Biological interactions of graphene-family nanomaterials: an interdisciplinary review.

机构信息

Department of Pathology and Laboratory Medicine, Brown University , Providence, Rhode Island 02912, United States.

出版信息

Chem Res Toxicol. 2012 Jan 13;25(1):15-34. doi: 10.1021/tx200339h. Epub 2011 Oct 21.

DOI:10.1021/tx200339h
PMID:21954945
原文链接:https://pmc.ncbi.nlm.nih.gov/articles/PMC3259226/
Abstract

Graphene is a single-atom thick, two-dimensional sheet of hexagonally arranged carbon atoms isolated from its three-dimensional parent material, graphite. Related materials include few-layer-graphene (FLG), ultrathin graphite, graphene oxide (GO), reduced graphene oxide (rGO), and graphene nanosheets (GNS). This review proposes a systematic nomenclature for this set of Graphene-Family Nanomaterials (GFNs) and discusses specific materials properties relevant for biomolecular and cellular interactions. We discuss several unique modes of interaction between GFNs and nucleic acids, lipid bilayers, and conjugated small molecule drugs and dyes. Some GFNs are produced as dry powders using thermal exfoliation, and in these cases, inhalation is a likely route of human exposure. Some GFNs have aerodynamic sizes that can lead to inhalation and substantial deposition in the human respiratory tract, which may impair lung defense and clearance leading to the formation of granulomas and lung fibrosis. The limited literature on in vitro toxicity suggests that GFNs can be either benign or toxic to cells, and it is hypothesized that the biological response will vary across the material family depending on layer number, lateral size, stiffness, hydrophobicity, surface functionalization, and dose. Generation of reactive oxygen species (ROS) in target cells is a potential mechanism for toxicity, although the extremely high hydrophobic surface area of some GFNs may also lead to significant interactions with membrane lipids leading to direct physical toxicity or adsorption of biological molecules leading to indirect toxicity. Limited in vivo studies demonstrate systemic biodistribution and biopersistence of GFNs following intravenous delivery. Similar to other smooth, continuous, biopersistent implants or foreign bodies, GFNs have the potential to induce foreign body tumors.

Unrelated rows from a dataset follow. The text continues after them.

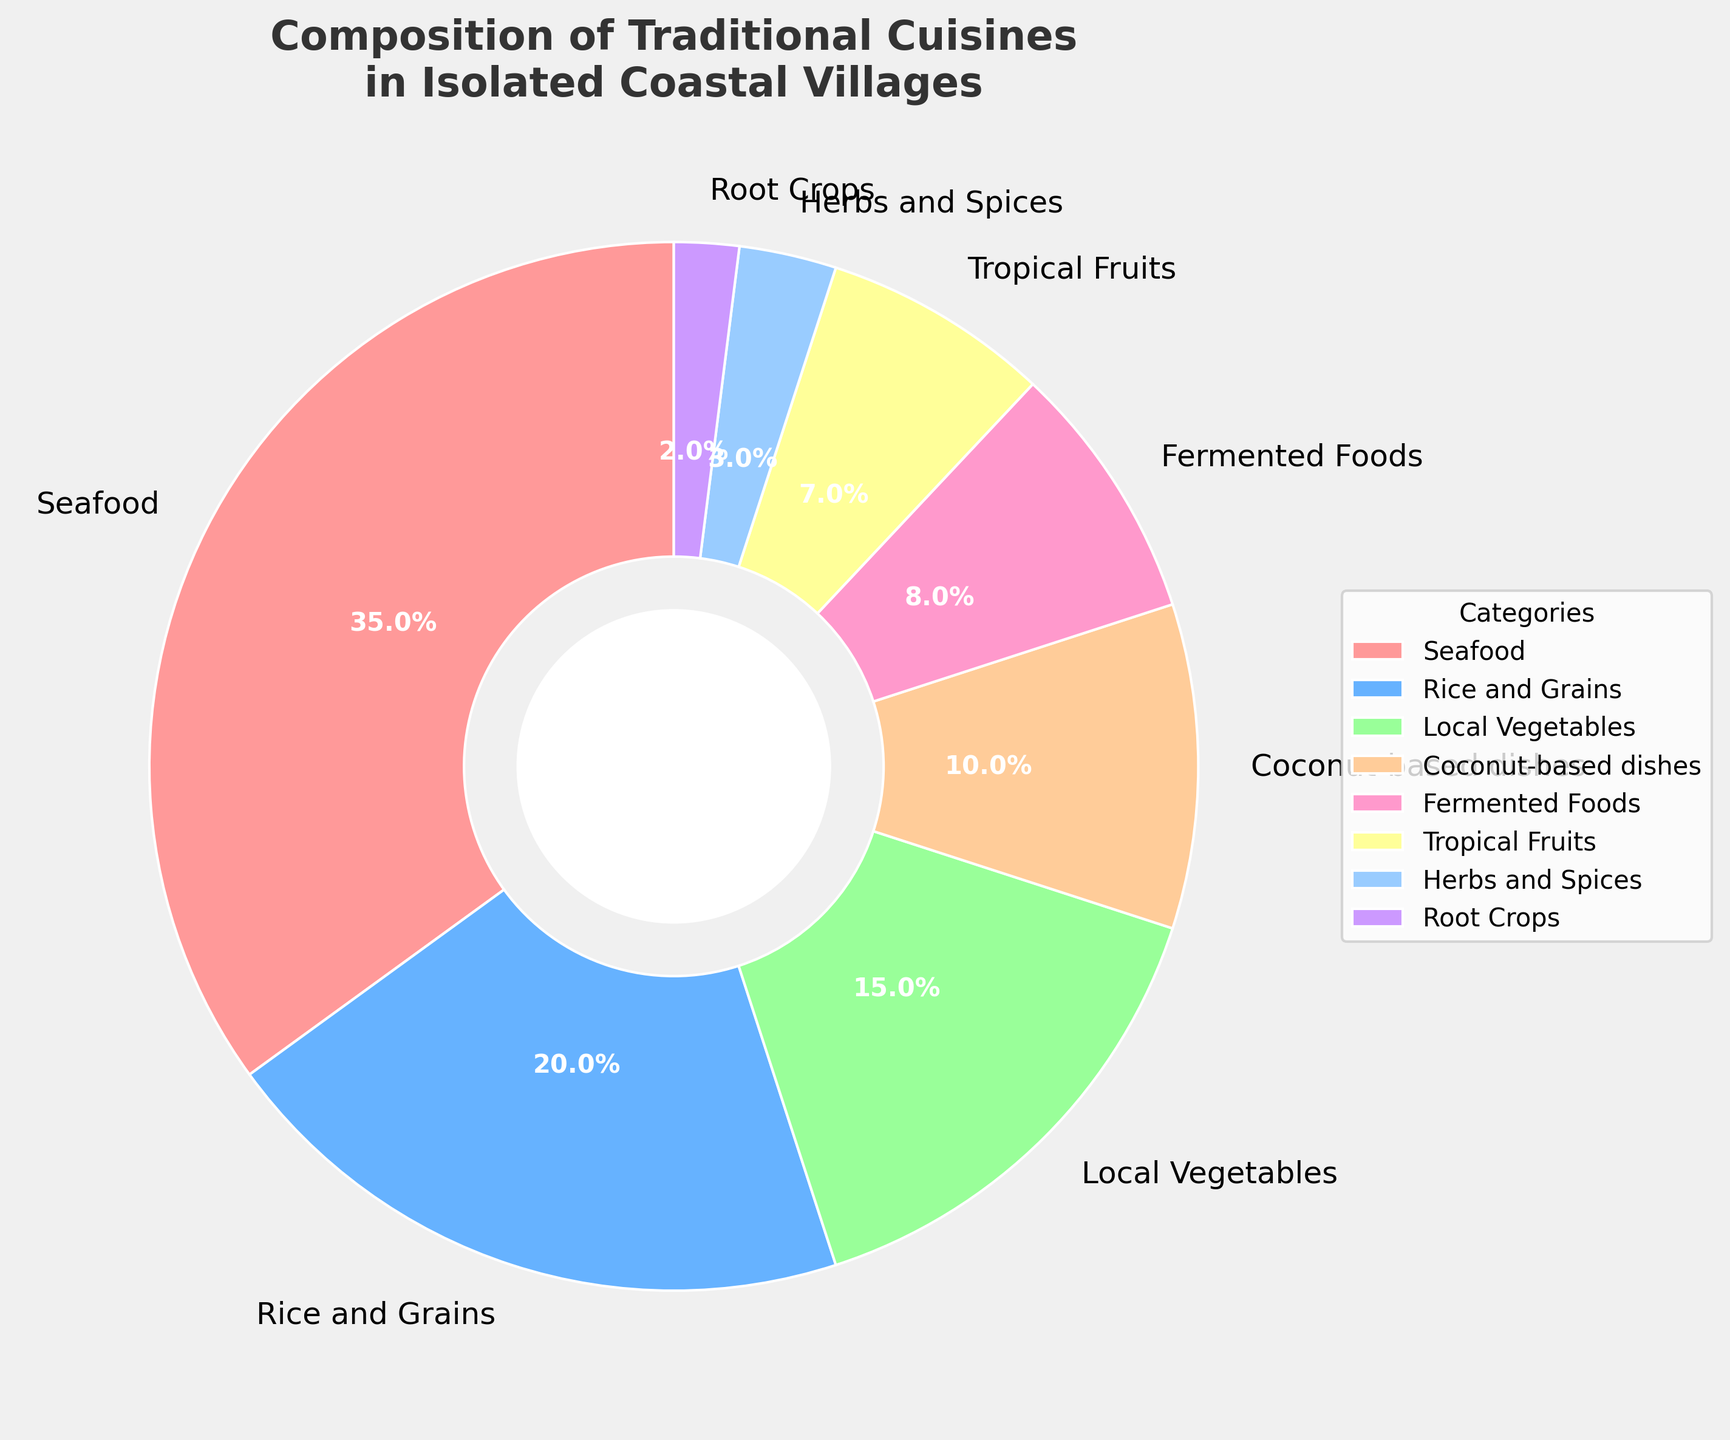what category makes up the largest proportion of traditional cuisines in isolated coastal villages? By examining the pie chart, we can see that the largest wedge corresponds to Seafood, which occupies the largest percentage segment.
Answer: Seafood How many categories make up at least 10% of the traditional cuisines? From the pie chart, we can identify wedges whose labels indicate percentages above 10%. These are Seafood (35%), Rice and Grains (20%), and Local Vegetables (15%).
Answer: 3 Which categories combined account for the majority of the traditional cuisines? To find the majority, we need more than 50%. By adding the percentages of the largest categories sequentially: Seafood (35%) + Rice and Grains (20%) = 55%. This already exceeds 50%, so the majority comprises Seafood and Rice and Grains.
Answer: Seafood and Rice and Grains What is the smallest category in the composition of traditional cuisines? By examining the pie chart, the smallest wedge corresponds to Root Crops, which has the lowest percentage slice.
Answer: Root Crops Which category has a larger proportion: Local Vegetables or Coconut-based dishes, and by how much? By looking at the pie chart, we see that Local Vegetables (15%) have a larger proportion than Coconut-based dishes (10%). The difference is 15% - 10% = 5%.
Answer: Local Vegetables by 5% If you combine the proportions of Tropical Fruits and Herbs and Spices, how do they compare to Coconut-based dishes? Tropical Fruits and Herbs and Spices together have percentages as follows: 7% (Tropical Fruits) + 3% (Herbs and Spices) = 10%. This is equal to the proportion for Coconut-based dishes (10%).
Answer: Equal Which categories are represented by less than 10% each? From the pie chart, the categories with wedges smaller than 10% are Fermented Foods, Tropical Fruits, Herbs and Spices, and Root Crops.
Answer: Fermented Foods, Tropical Fruits, Herbs and Spices, Root Crops By how much does the proportion of Seafood exceed that of Local Vegetables? Examining the pie chart, Seafood is 35% and Local Vegetables are 15%. The difference in their proportions is 35% - 15% = 20%.
Answer: 20% 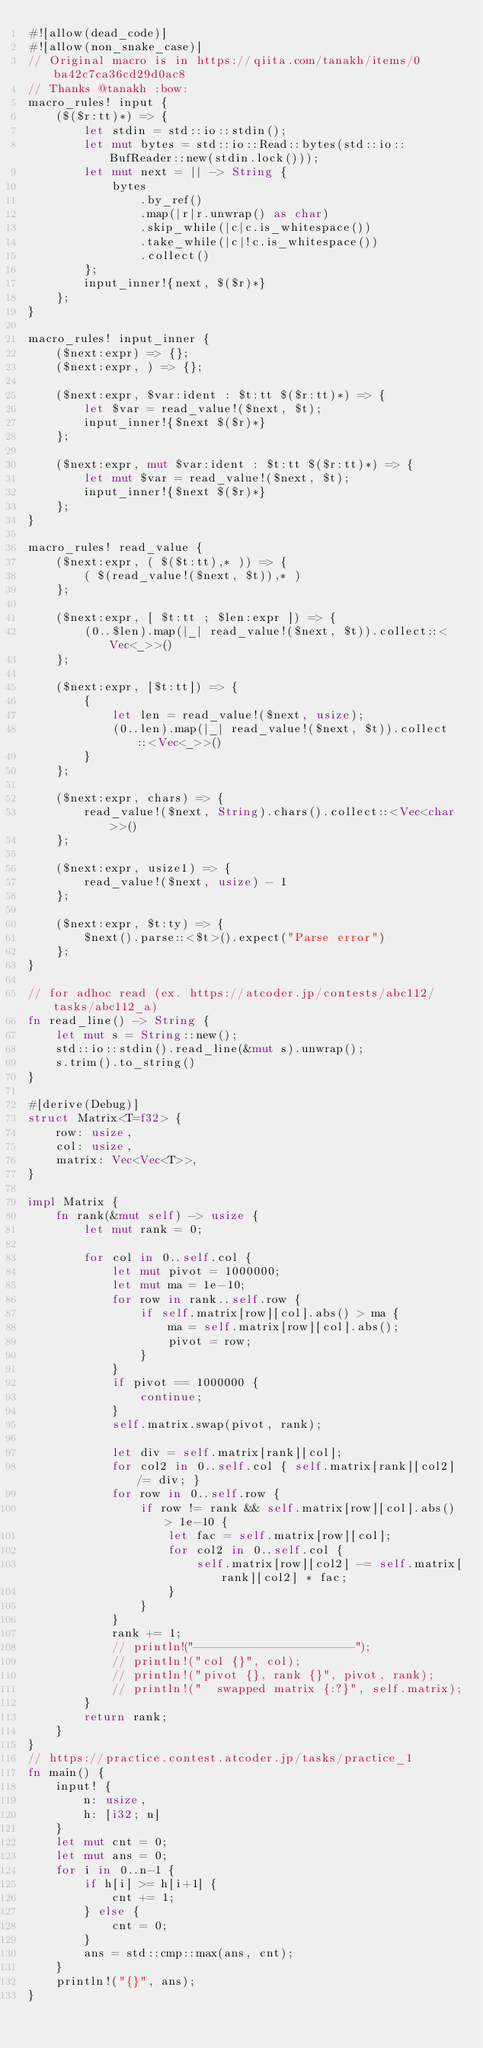<code> <loc_0><loc_0><loc_500><loc_500><_Rust_>#![allow(dead_code)]
#![allow(non_snake_case)]
// Original macro is in https://qiita.com/tanakh/items/0ba42c7ca36cd29d0ac8
// Thanks @tanakh :bow:
macro_rules! input {
    ($($r:tt)*) => {
        let stdin = std::io::stdin();
        let mut bytes = std::io::Read::bytes(std::io::BufReader::new(stdin.lock()));
        let mut next = || -> String {
            bytes
                .by_ref()
                .map(|r|r.unwrap() as char)
                .skip_while(|c|c.is_whitespace())
                .take_while(|c|!c.is_whitespace())
                .collect()
        };
        input_inner!{next, $($r)*}
    };
}
 
macro_rules! input_inner {
    ($next:expr) => {};
    ($next:expr, ) => {};
 
    ($next:expr, $var:ident : $t:tt $($r:tt)*) => {
        let $var = read_value!($next, $t);
        input_inner!{$next $($r)*}
    };
    
    ($next:expr, mut $var:ident : $t:tt $($r:tt)*) => {
        let mut $var = read_value!($next, $t);
        input_inner!{$next $($r)*}
    };
}
 
macro_rules! read_value {
    ($next:expr, ( $($t:tt),* )) => {
        ( $(read_value!($next, $t)),* )
    };
 
    ($next:expr, [ $t:tt ; $len:expr ]) => {
        (0..$len).map(|_| read_value!($next, $t)).collect::<Vec<_>>()
    };

    ($next:expr, [$t:tt]) => {
        {
            let len = read_value!($next, usize);
            (0..len).map(|_| read_value!($next, $t)).collect::<Vec<_>>()
        }
    };
 
    ($next:expr, chars) => {
        read_value!($next, String).chars().collect::<Vec<char>>()
    };
 
    ($next:expr, usize1) => {
        read_value!($next, usize) - 1
    };
 
    ($next:expr, $t:ty) => {
        $next().parse::<$t>().expect("Parse error")
    };
}

// for adhoc read (ex. https://atcoder.jp/contests/abc112/tasks/abc112_a)
fn read_line() -> String {
    let mut s = String::new();
    std::io::stdin().read_line(&mut s).unwrap();
    s.trim().to_string()
}

#[derive(Debug)]
struct Matrix<T=f32> {
    row: usize,
    col: usize,
    matrix: Vec<Vec<T>>,
}

impl Matrix {
    fn rank(&mut self) -> usize {
        let mut rank = 0;

        for col in 0..self.col {
            let mut pivot = 1000000;
            let mut ma = 1e-10;
            for row in rank..self.row {
                if self.matrix[row][col].abs() > ma {
                    ma = self.matrix[row][col].abs();
                    pivot = row;
                }
            }
            if pivot == 1000000 {
                continue;
            }
            self.matrix.swap(pivot, rank);

            let div = self.matrix[rank][col];
            for col2 in 0..self.col { self.matrix[rank][col2] /= div; }
            for row in 0..self.row {
                if row != rank && self.matrix[row][col].abs() > 1e-10 {
                    let fac = self.matrix[row][col];
                    for col2 in 0..self.col {
                        self.matrix[row][col2] -= self.matrix[rank][col2] * fac;
                    }
                }
            }
            rank += 1;
            // println!("---------------------");
            // println!("col {}", col);
            // println!("pivot {}, rank {}", pivot, rank);
            // println!("  swapped matrix {:?}", self.matrix);
        }
        return rank;
    }
}
// https://practice.contest.atcoder.jp/tasks/practice_1
fn main() {
    input! {
        n: usize,
        h: [i32; n]
    }
    let mut cnt = 0;
    let mut ans = 0;
    for i in 0..n-1 {
        if h[i] >= h[i+1] {
            cnt += 1;
        } else {
            cnt = 0;
        }
        ans = std::cmp::max(ans, cnt);
    }
    println!("{}", ans);
}
</code> 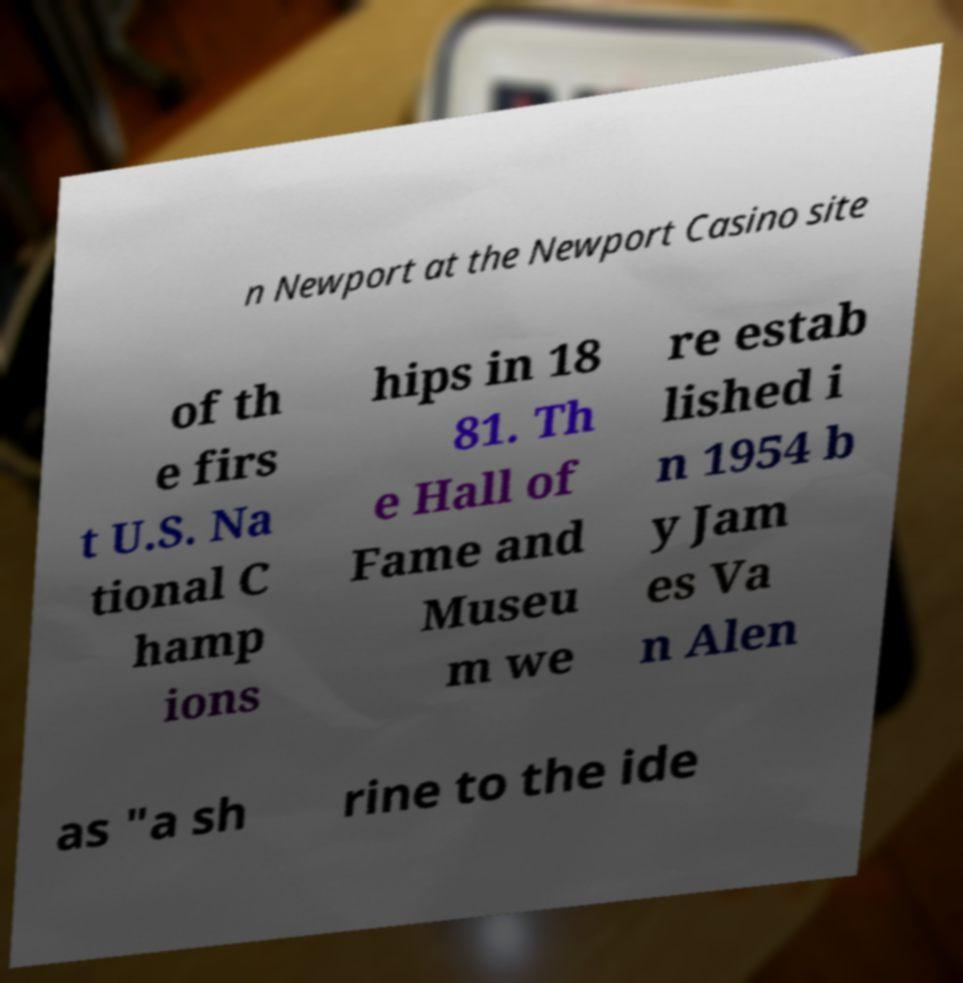Please identify and transcribe the text found in this image. n Newport at the Newport Casino site of th e firs t U.S. Na tional C hamp ions hips in 18 81. Th e Hall of Fame and Museu m we re estab lished i n 1954 b y Jam es Va n Alen as "a sh rine to the ide

Long-term adverse health impacts must be considered in the design of GFNs for drug delivery, tissue engineering, and fluorescence-based biomolecular sensing. Future research is needed to explore fundamental biological responses to GFNs including systematic assessment of the physical and chemical material properties related to toxicity. Complete materials characterization and mechanistic toxicity studies are essential for safer design and manufacturing of GFNs in order to optimize biological applications with minimal risks for environmental health and safety.

摘要

石墨烯是一种由六边形排列的碳原子组成的单层二维薄片,这些碳原子是从其三维母体材料石墨中分离出来的。相关材料包括少层石墨烯(FLG)、超薄石墨、氧化石墨烯(GO)、还原氧化石墨烯(rGO)和石墨烯纳米片(GNS)。本综述为这组石墨烯家族纳米材料(GFNs)提出了一种系统的命名法,并讨论了与生物分子和细胞相互作用相关的特定材料特性。我们讨论了 GFNs 与核酸、脂质双层和共轭小分子药物和染料之间的几种独特相互作用模式。一些 GFNs 是通过热剥离制成的干粉,在这种情况下,吸入是人类暴露的一种可能途径。一些 GFNs 的空气动力学尺寸可以导致吸入,并在人体呼吸道中大量沉积,这可能会损害肺部防御和清除功能,导致肉芽肿和肺纤维化的形成。关于体外毒性的有限文献表明,GFNs 对细胞可能是良性的,也可能是有毒的,据推测,根据材料家族的不同,生物反应会有所不同,具体取决于层数、横向尺寸、刚性、疏水性、表面功能化和剂量。目标细胞中活性氧(ROS)的产生是一种潜在的毒性机制,尽管一些 GFNs 极高的疏水性表面积也可能导致与膜脂质的显著相互作用,从而导致直接的物理毒性,或吸附生物分子,从而导致间接毒性。有限的体内研究表明,静脉注射后 GFNs 可在全身分布和生物持久性。与其他光滑、连续、生物持久性的植入物或异物一样,GFNs 有引发异物肿瘤的潜力。在设计用于药物输送、组织工程和基于荧光的生物分子传感的 GFNs 时,必须考虑到长期的不良健康影响。需要进一步研究来探索对 GFNs 的基本生物学反应,包括对与毒性相关的物理和化学材料特性进行系统评估。为了在最小的环境健康和安全风险下优化生物应用,对 GFNs 进行全面的材料特性描述和机制毒性研究是至关重要的。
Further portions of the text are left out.